Segment Open

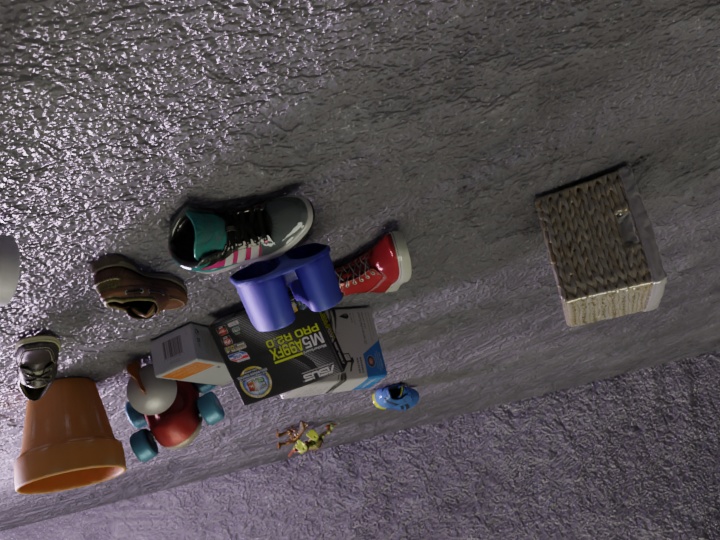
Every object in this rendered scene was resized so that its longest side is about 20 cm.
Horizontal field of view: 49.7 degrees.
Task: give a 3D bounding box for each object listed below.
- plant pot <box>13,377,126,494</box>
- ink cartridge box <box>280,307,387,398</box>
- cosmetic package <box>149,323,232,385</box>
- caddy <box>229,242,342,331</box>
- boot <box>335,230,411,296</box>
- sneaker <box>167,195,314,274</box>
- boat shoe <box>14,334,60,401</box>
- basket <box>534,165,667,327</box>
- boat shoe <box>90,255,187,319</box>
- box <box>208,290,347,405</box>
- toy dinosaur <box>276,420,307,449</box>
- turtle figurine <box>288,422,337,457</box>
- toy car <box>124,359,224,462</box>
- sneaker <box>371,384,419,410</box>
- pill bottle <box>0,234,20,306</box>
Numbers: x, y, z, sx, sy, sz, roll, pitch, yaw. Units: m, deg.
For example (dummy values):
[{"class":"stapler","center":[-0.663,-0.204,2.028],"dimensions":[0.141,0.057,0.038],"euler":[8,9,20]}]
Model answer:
[{"class":"plant pot","center":[-0.565,0.313,1.497],"dimensions":[0.199,0.185,0.200],"euler":[-13,160,-5]},{"class":"ink cartridge box","center":[-0.066,0.157,1.497],"dimensions":[0.199,0.147,0.084],"euler":[-2,158,-32]},{"class":"cosmetic package","center":[-0.289,0.162,1.464],"dimensions":[0.101,0.072,0.200],"euler":[-24,158,22]},{"class":"caddy","center":[-0.109,0.009,1.100],"dimensions":[0.140,0.106,0.200],"euler":[-21,-171,-13]},{"class":"boot","center":[0.000,0.000,1.254],"dimensions":[0.143,0.073,0.200],"euler":[-9,162,-12]},{"class":"sneaker","center":[-0.166,-0.051,0.991],"dimensions":[0.199,0.084,0.121],"euler":[-22,168,21]},{"class":"boat shoe","center":[-0.538,0.165,1.302],"dimensions":[0.073,0.065,0.200],"euler":[-4,156,-22]},{"class":"basket","center":[0.390,-0.029,1.273],"dimensions":[0.160,0.200,0.200],"euler":[-16,161,14]},{"class":"boat shoe","center":[-0.318,0.040,1.131],"dimensions":[0.072,0.068,0.200],"euler":[-23,159,17]},{"class":"box","center":[-0.144,0.131,1.362],"dimensions":[0.199,0.161,0.044],"euler":[-20,-169,14]},{"class":"toy dinosaur","center":[-0.221,0.540,2.507],"dimensions":[0.105,0.061,0.200],"euler":[-7,158,-25]},{"class":"turtle figurine","center":[-0.163,0.567,2.551],"dimensions":[0.199,0.065,0.161],"euler":[-31,165,3]},{"class":"toy car","center":[-0.397,0.234,1.519],"dimensions":[0.183,0.177,0.201],"euler":[-28,131,-3]},{"class":"sneaker","center":[0.124,0.374,2.313],"dimensions":[0.078,0.066,0.199],"euler":[-34,152,34]},{"class":"pill bottle","center":[-0.479,-0.008,0.831],"dimensions":[0.199,0.112,0.111],"euler":[8,150,-45]}]
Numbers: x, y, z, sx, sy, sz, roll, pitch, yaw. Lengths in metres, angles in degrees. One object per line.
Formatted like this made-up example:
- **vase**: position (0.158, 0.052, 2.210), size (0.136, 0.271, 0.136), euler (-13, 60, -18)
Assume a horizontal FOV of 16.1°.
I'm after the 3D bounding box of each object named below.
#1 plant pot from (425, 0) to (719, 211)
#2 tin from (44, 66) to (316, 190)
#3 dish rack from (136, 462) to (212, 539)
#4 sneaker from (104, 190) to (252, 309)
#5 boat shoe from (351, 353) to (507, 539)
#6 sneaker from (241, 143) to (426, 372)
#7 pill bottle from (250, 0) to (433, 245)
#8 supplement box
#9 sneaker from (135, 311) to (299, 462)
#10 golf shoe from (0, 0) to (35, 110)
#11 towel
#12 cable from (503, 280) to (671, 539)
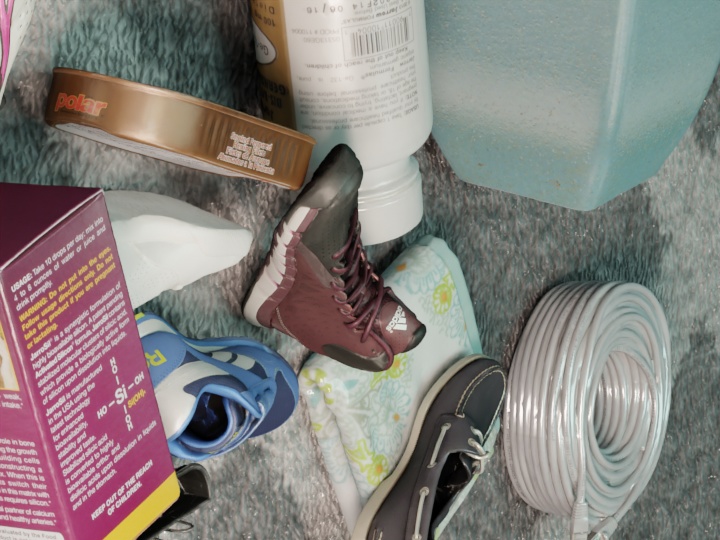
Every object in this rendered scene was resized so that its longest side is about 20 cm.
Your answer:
- **plant pot**: position (0.153, -0.159, 1.876), size (0.196, 0.195, 0.201), euler (-28, 126, -52)
- **tin**: position (-0.109, -0.084, 1.551), size (0.200, 0.112, 0.042), euler (15, 92, -56)
- **dish rack**: position (-0.148, 0.232, 1.592), size (0.153, 0.054, 0.201), euler (-29, 119, -51)
- **sneaker**: position (-0.148, 0.003, 1.555), size (0.200, 0.075, 0.089), euler (-5, 112, -51)
- **boat shoe**: position (0.066, 0.143, 1.816), size (0.200, 0.063, 0.073), euler (-56, 137, -33)
- **sneaker**: position (0.000, 0.000, 1.645), size (0.076, 0.115, 0.200), euler (-56, 177, -28)
- **pill bottle**: position (-0.010, -0.124, 1.687), size (0.114, 0.114, 0.201), euler (-38, 131, -48)
- **supplement box**: position (-0.198, 0.060, 1.419), size (0.103, 0.131, 0.200), euler (-42, 130, -47)
- **sneaker**: position (-0.094, 0.086, 1.603), size (0.074, 0.082, 0.200), euler (-51, 152, 14)
- **golf shoe**: position (-0.215, -0.180, 1.413), size (0.092, 0.072, 0.201), euler (0, 105, -63)
- **towel**: position (0.034, 0.100, 1.857), size (0.171, 0.048, 0.200), euler (-51, 134, -41)
- **cable**: position (0.188, 0.106, 2.075), size (0.200, 0.069, 0.201), euler (-34, 122, -51)
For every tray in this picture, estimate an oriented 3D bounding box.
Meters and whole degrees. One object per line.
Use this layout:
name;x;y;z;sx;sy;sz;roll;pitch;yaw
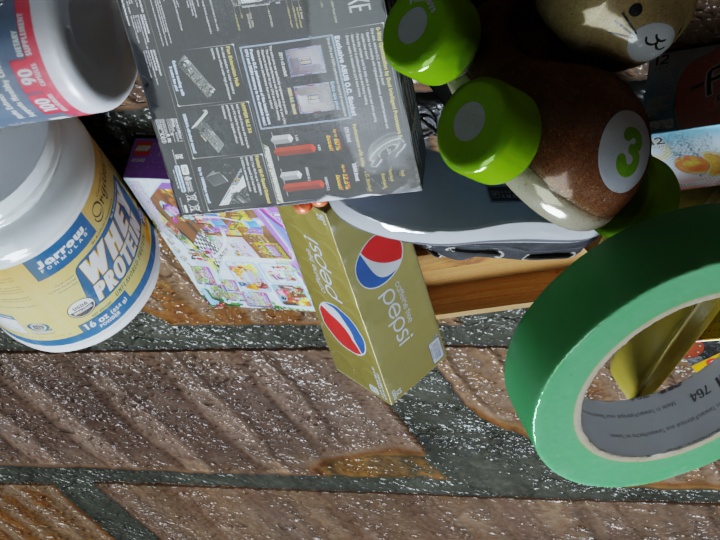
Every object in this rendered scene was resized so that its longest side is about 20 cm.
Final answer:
tray;0.095;-0.008;1.400;0.200;0.037;0.099;-8;147;37

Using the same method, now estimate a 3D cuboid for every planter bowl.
planter bowl;0.207;-0.009;1.231;0.083;0.200;0.201;37;156;12

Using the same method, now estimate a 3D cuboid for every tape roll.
tape roll;0.186;0.048;1.102;0.200;0.048;0.201;-14;138;-13

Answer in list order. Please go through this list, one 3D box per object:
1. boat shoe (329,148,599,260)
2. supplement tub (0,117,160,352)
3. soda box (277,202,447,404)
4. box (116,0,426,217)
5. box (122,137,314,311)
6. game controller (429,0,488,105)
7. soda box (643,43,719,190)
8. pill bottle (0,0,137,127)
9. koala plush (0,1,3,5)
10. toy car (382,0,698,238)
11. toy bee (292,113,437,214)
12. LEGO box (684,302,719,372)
boat shoe;0.069;-0.036;1.215;0.199;0.070;0.066;-1;146;-21
supplement tub;-0.245;-0.042;1.359;0.144;0.145;0.200;3;154;19
soda box;0.000;0.000;1.347;0.068;0.064;0.200;30;150;41
box;-0.054;-0.133;1.101;0.157;0.050;0.200;-6;125;11
box;-0.083;-0.031;1.429;0.136;0.039;0.200;4;152;18
game controller;0.109;-0.112;1.189;0.104;0.042;0.200;-4;149;29
soda box;0.272;-0.102;1.113;0.199;0.064;0.068;-7;147;32
pill bottle;-0.252;-0.147;1.173;0.199;0.120;0.120;-7;148;21
koala plush;-0.233;-0.191;1.011;0.184;0.201;0.177;32;147;-33
toy car;0.145;-0.136;1.029;0.164;0.158;0.200;19;123;-44
toy bee;-0.037;-0.100;1.205;0.199;0.109;0.131;19;151;-11
LEGO box;0.351;0.048;1.350;0.199;0.077;0.149;-6;147;32
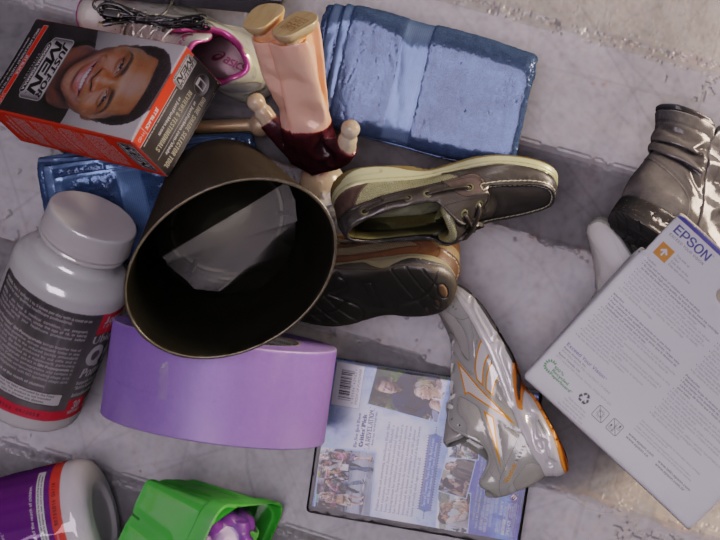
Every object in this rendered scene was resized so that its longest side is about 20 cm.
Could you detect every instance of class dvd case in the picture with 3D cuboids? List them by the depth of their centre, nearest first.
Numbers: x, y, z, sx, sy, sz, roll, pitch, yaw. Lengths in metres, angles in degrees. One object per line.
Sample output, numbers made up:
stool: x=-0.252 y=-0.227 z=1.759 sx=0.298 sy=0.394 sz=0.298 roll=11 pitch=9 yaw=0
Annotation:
dvd case: x=0.057 y=0.165 z=1.690 sx=0.198 sy=0.018 sz=0.144 roll=9 pitch=93 yaw=7

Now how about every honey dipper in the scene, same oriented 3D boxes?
honey dipper: x=-0.178 y=-0.129 z=1.708 sx=0.198 sy=0.038 sz=0.038 roll=-1 pitch=92 yaw=4

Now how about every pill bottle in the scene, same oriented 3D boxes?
pill bottle: x=-0.270 y=0.034 z=1.656 sx=0.110 sy=0.111 sz=0.201 roll=28 pitch=116 yaw=6
pill bottle: x=-0.326 y=0.245 z=1.698 sx=0.198 sy=0.112 sz=0.114 roll=-13 pitch=90 yaw=8

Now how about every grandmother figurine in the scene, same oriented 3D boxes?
grandmother figurine: x=-0.045 y=-0.128 z=1.618 sx=0.060 sy=0.121 sz=0.201 roll=-33 pitch=129 yaw=-27

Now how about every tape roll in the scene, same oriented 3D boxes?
tape roll: x=-0.123 y=0.095 z=1.621 sx=0.198 sy=0.200 sz=0.086 roll=9 pitch=92 yaw=7

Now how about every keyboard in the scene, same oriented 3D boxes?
keyboard: x=-0.165 y=-0.252 z=1.663 sx=0.198 sy=0.128 sz=0.021 roll=6 pitch=131 yaw=8

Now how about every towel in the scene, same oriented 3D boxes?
towel: x=0.053 y=-0.163 z=1.657 sx=0.198 sy=0.049 sz=0.113 roll=16 pitch=96 yaw=8
towel: x=-0.188 y=-0.063 z=1.691 sx=0.198 sy=0.049 sz=0.113 roll=-7 pitch=108 yaw=7

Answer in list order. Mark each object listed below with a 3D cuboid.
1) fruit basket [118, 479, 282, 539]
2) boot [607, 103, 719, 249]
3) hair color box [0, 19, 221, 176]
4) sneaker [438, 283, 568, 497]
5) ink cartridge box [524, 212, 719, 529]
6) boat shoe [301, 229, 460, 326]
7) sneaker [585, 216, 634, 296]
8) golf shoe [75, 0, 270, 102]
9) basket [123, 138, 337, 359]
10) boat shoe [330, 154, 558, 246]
fruit basket: x=-0.123 y=0.303 z=1.665 sx=0.214 sy=0.155 sz=0.218 roll=-3 pitch=83 yaw=24
boot: x=0.320 y=-0.049 z=1.619 sx=0.199 sy=0.070 sz=0.132 roll=36 pitch=70 yaw=-18
hair color box: x=-0.229 y=-0.154 z=1.637 sx=0.199 sy=0.061 sz=0.102 roll=14 pitch=69 yaw=38
sneaker: x=0.100 y=0.106 z=1.637 sx=0.091 sy=0.076 sz=0.201 roll=-29 pitch=72 yaw=3
ink cartridge box: x=0.276 y=0.083 z=1.581 sx=0.199 sy=0.041 sz=0.200 roll=43 pitch=108 yaw=1
boat shoe: x=0.000 y=0.000 z=1.669 sx=0.198 sy=0.074 sz=0.076 roll=0 pitch=132 yaw=23
sneaker: x=0.228 y=0.053 z=1.638 sx=0.080 sy=0.070 sz=0.202 roll=-19 pitch=90 yaw=11
golf shoe: x=-0.168 y=-0.211 z=1.674 sx=0.198 sy=0.092 sz=0.076 roll=19 pitch=96 yaw=8
basket: x=-0.111 y=-0.032 z=1.561 sx=0.179 sy=0.200 sz=0.137 roll=-30 pitch=109 yaw=5
boat shoe: x=0.075 y=-0.053 z=1.607 sx=0.199 sy=0.072 sz=0.066 roll=-3 pitch=53 yaw=-4
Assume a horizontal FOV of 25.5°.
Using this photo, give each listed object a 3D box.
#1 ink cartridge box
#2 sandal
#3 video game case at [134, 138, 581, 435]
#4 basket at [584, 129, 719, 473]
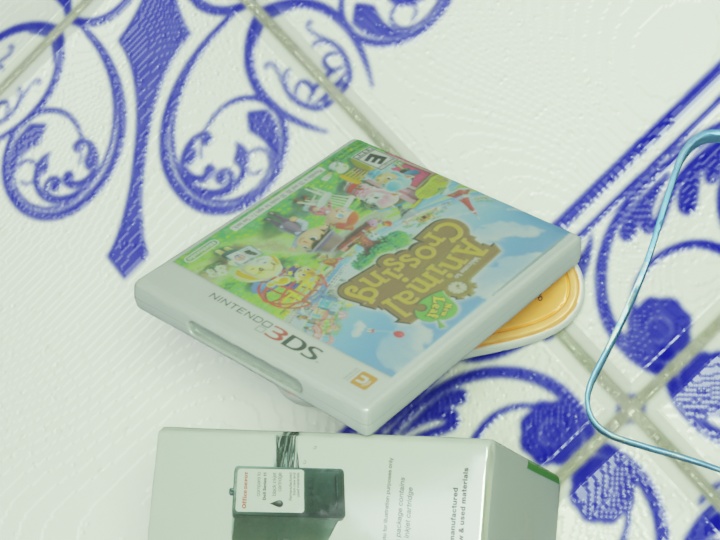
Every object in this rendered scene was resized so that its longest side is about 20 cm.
[{"bbox_3d":[-0.002,0.141,0.900,0.198,0.146,0.084,0,76,23],"label":"ink cartridge box"},{"bbox_3d":[0.031,0.022,0.969,0.205,0.059,0.080,-18,69,16],"label":"sandal"},{"bbox_3d":[0.000,0.000,0.932,0.181,0.022,0.200,26,45,32],"label":"video game case"},{"bbox_3d":[0.237,0.034,0.838,0.199,0.139,0.178,20,84,16],"label":"basket"}]

Segment Closed

The expected answer is a copy of each line above containing "bounding".

_EXPECTED OUTPUT:_
Task: give a 3D bounding box for each object listed below.
I'm after the 3D bounding box of each object named below.
For every tray in this picture, estimate an oriented 3D bounding box.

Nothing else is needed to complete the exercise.